Yafa Adar, 85, wanted to spend the remaining years of her life surrounded by her three children, eight grandchildren and seven great-grandchildren.
Instead, she is currently somewhere in Gaza, where Israeli tanks and bulldozers have reportedly encircled the besieged enclave that has been under relentless aerial bombardment as well as three communications blackouts.
“I cannot believe that her life will end as a hostage in a dark tunnel in Gaza, alone, in pain and without anyone to help. The thought is horrifying,” Ms Adar’s granddaughter Adva Adar told The National.
Her painful experience – shared by thousands of Israelis – threatens to corrode Israeli Prime Minister Benjamin Netanyahu’s attempts at fostering wartime unity. His rhetoric is not enough to quell the rising anger and despair among the families of the more than 240 hostages who want the government to bring their loved ones home.
It has been a month since more than 1,400 people were killed and the elder Ms Adar and others – including children – were taken hostage by Hamas in its deadliest cross-border attack on Israel on October 7. The attack has spawned one of the most destructive wars in the decades-long history of the Palestinian-Israeli conflict.
As US Secretary of State Antony Blinken arrived for his second Middle East tour last week to press for more humanitarian aid for Gaza, international pressure mounted on Israel for a ceasefire.
Brutal urban warfare has unfolded in the enclave, with Israeli troops surrounding Gaza city, dividing the enclave in two, in what the army calls a “significant stage”.

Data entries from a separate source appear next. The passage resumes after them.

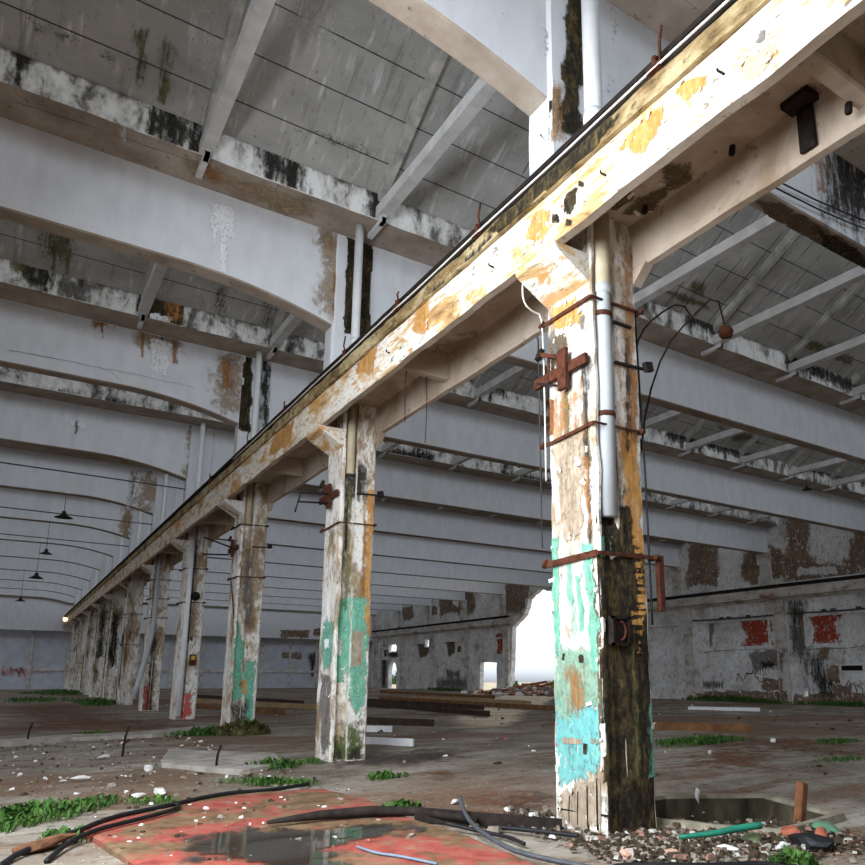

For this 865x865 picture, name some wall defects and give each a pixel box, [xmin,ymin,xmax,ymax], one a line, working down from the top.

leakage [550,0,583,137]
peeling [618,105,667,155]
leakage [465,114,618,262]
peeling [525,180,583,247]
leakage [756,154,865,269]
leakage [314,229,373,336]
peeling [546,295,583,371]
corrosion [620,369,647,654]
flaking render [767,519,865,582]
peeling [280,594,369,755]
peeling [548,432,617,830]
flaking render [689,614,865,705]

More than 10,000 people have been killed in Gaza in Israeli air strikes so far, including 4,800 children, according to the Palestinian Ministry of Health. Casualties are also mounting on the Israeli side, with the latest death toll of soldiers put at 23 by the military.

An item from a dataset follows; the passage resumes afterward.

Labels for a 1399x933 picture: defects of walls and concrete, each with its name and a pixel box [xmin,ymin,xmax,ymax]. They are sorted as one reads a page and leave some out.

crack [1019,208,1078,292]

It is not clear how long Israel will take to crush Hamas, but Mr Netanyahu has vowed that operations will continue “until the hostages are returned”.

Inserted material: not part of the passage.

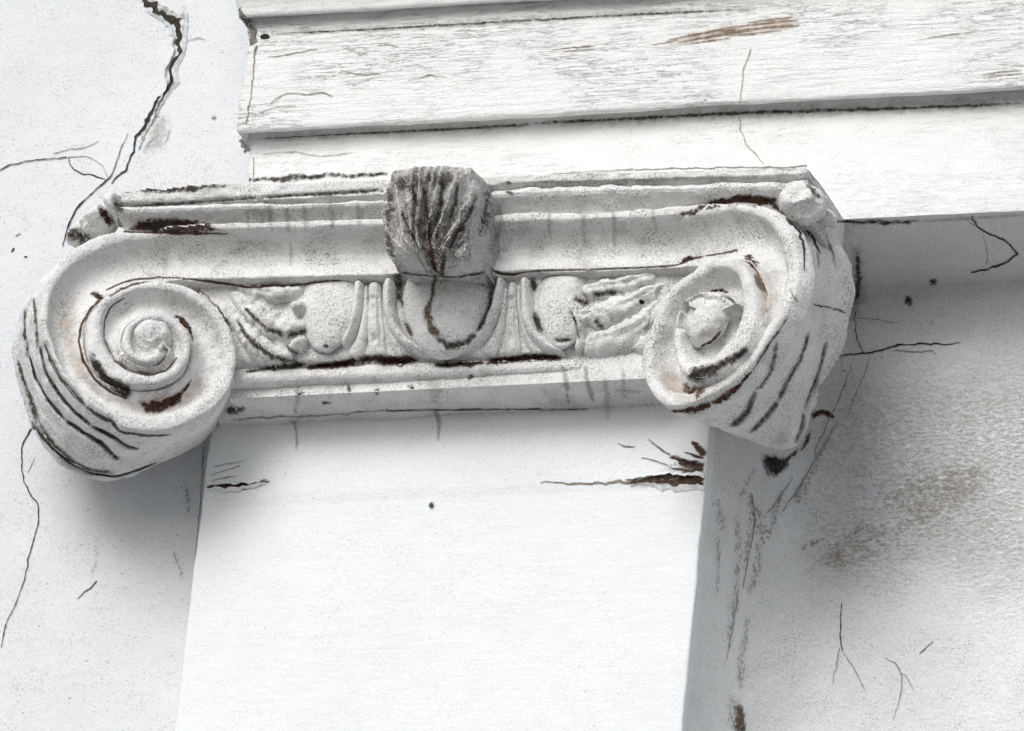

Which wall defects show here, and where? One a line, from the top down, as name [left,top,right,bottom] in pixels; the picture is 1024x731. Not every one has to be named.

“We will simply continue until we win. We have no alternative,” he said after a recent visit to troops.
Rising anger and despair among families
One month into the hostage crisis, families say their patience is waning.
“It is like hell. I cannot believe that it has been a month and my grandmother is still not home,” said Ms Adar.
“She was abducted from her home in Kibbutz Nir Oz and she could probably be the oldest among the hostages. She has multiple health conditions, needs a special bed to sleep and cannot survive without her regular medicines.”
Her cousin Tamer Adar, 38, was also taken hostage, while several other relatives sustained serious injuries in the October 7 attack.
Many citizens have had their entire families taken into Gaza. Yoni Asher told The National that his wife Doron, a German citizen, their two daughters – Raz, 4, and Aviv, 2 – and their grandmother Efrat Katz were taken hostage.
“It is getting more and more difficult to bear the uncertainty. I don’t know where they are, whether they are eating or sleeping. I just want them to be safe,” he said.
Mr Asher came to know of their kidnapping through a TikTok video released by Hamas.
“I have been doing everything in my power to expedite their release. I went to Germany and met the German Chancellor [Olaf Scholz] and the Foreign Minister to request help,” said Mr Asher.
Protests rock Israel
As weeks pass with no news of the hostages, and the Israeli government not relenting to the Hamas demand of freeing Palestinian prisoners in Israel in exchange of hostages, desperation of the families is mounting.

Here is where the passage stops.